→ **Exercise aim**
Keep every word of the listing and reproduce it exactly, but set aside any image found there.

╭─ Information shown

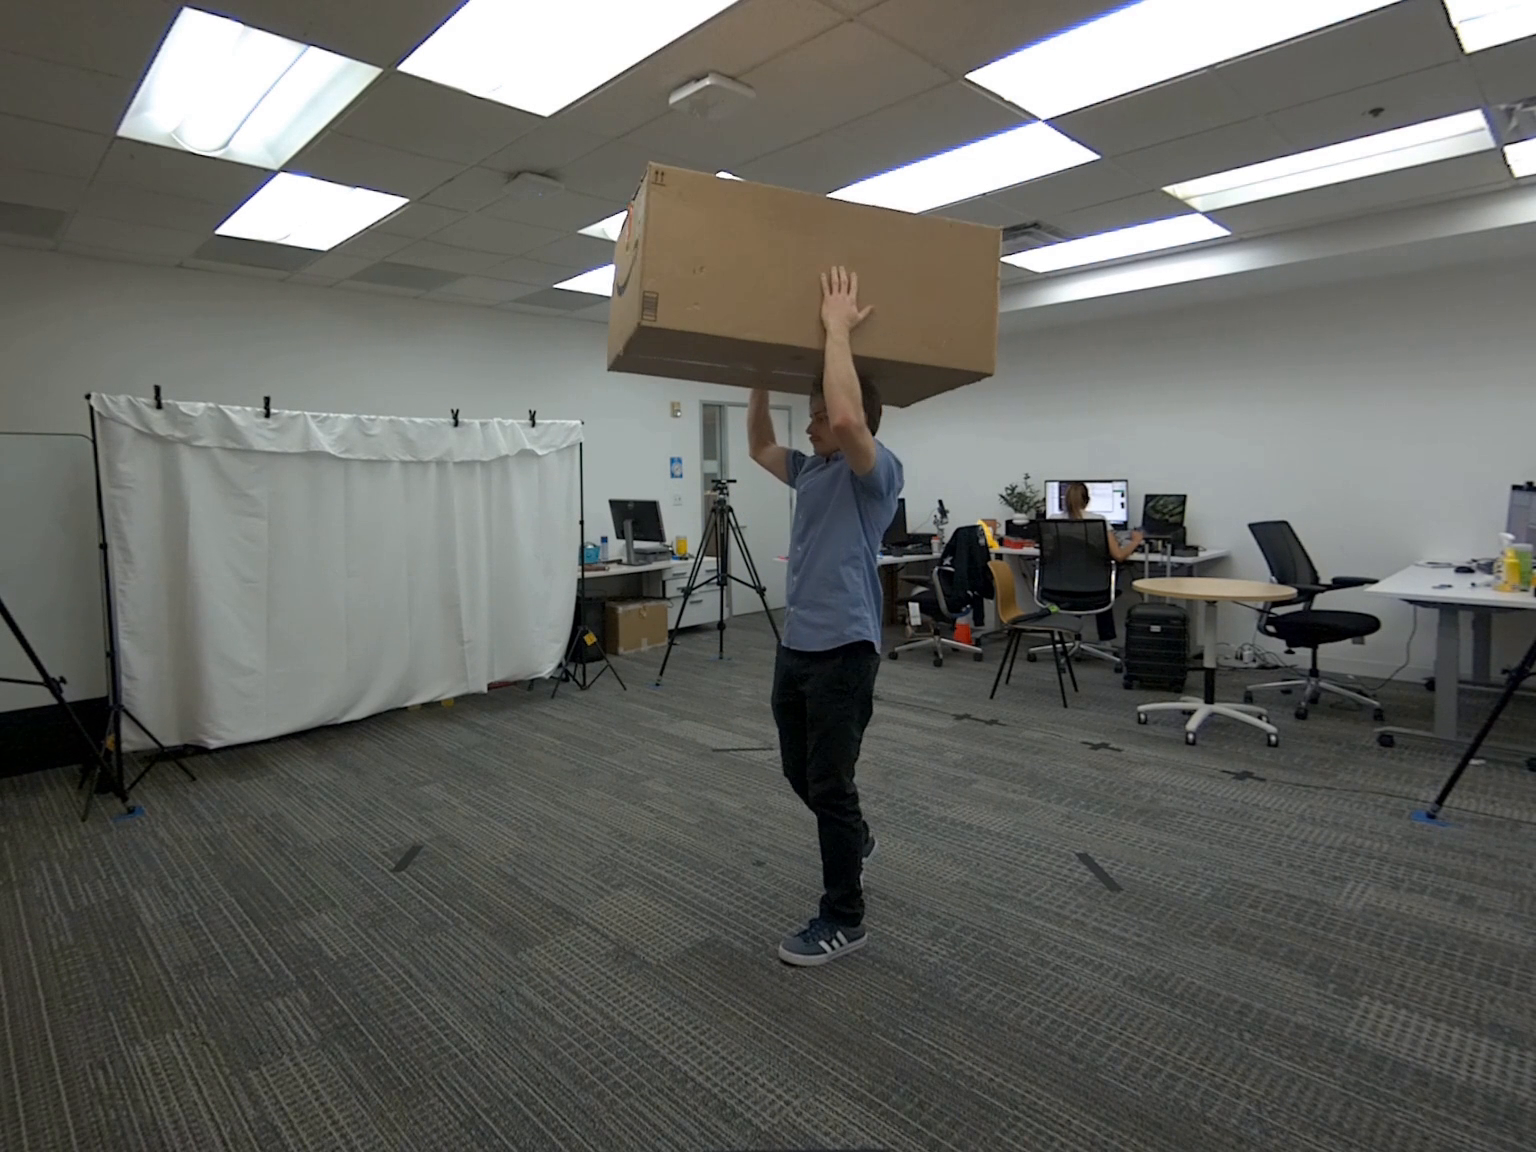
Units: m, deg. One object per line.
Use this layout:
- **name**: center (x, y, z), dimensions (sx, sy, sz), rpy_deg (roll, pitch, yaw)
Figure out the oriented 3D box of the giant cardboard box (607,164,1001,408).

╰─

→ **Exercise result**
Units: m, deg. One object per line.
Use this layout:
- **name**: center (x, y, z), dimensions (sx, sy, sz), rpy_deg (roll, pitch, yaw)
Figure out the oriented 3D box of the giant cardboard box (607,164,1001,408).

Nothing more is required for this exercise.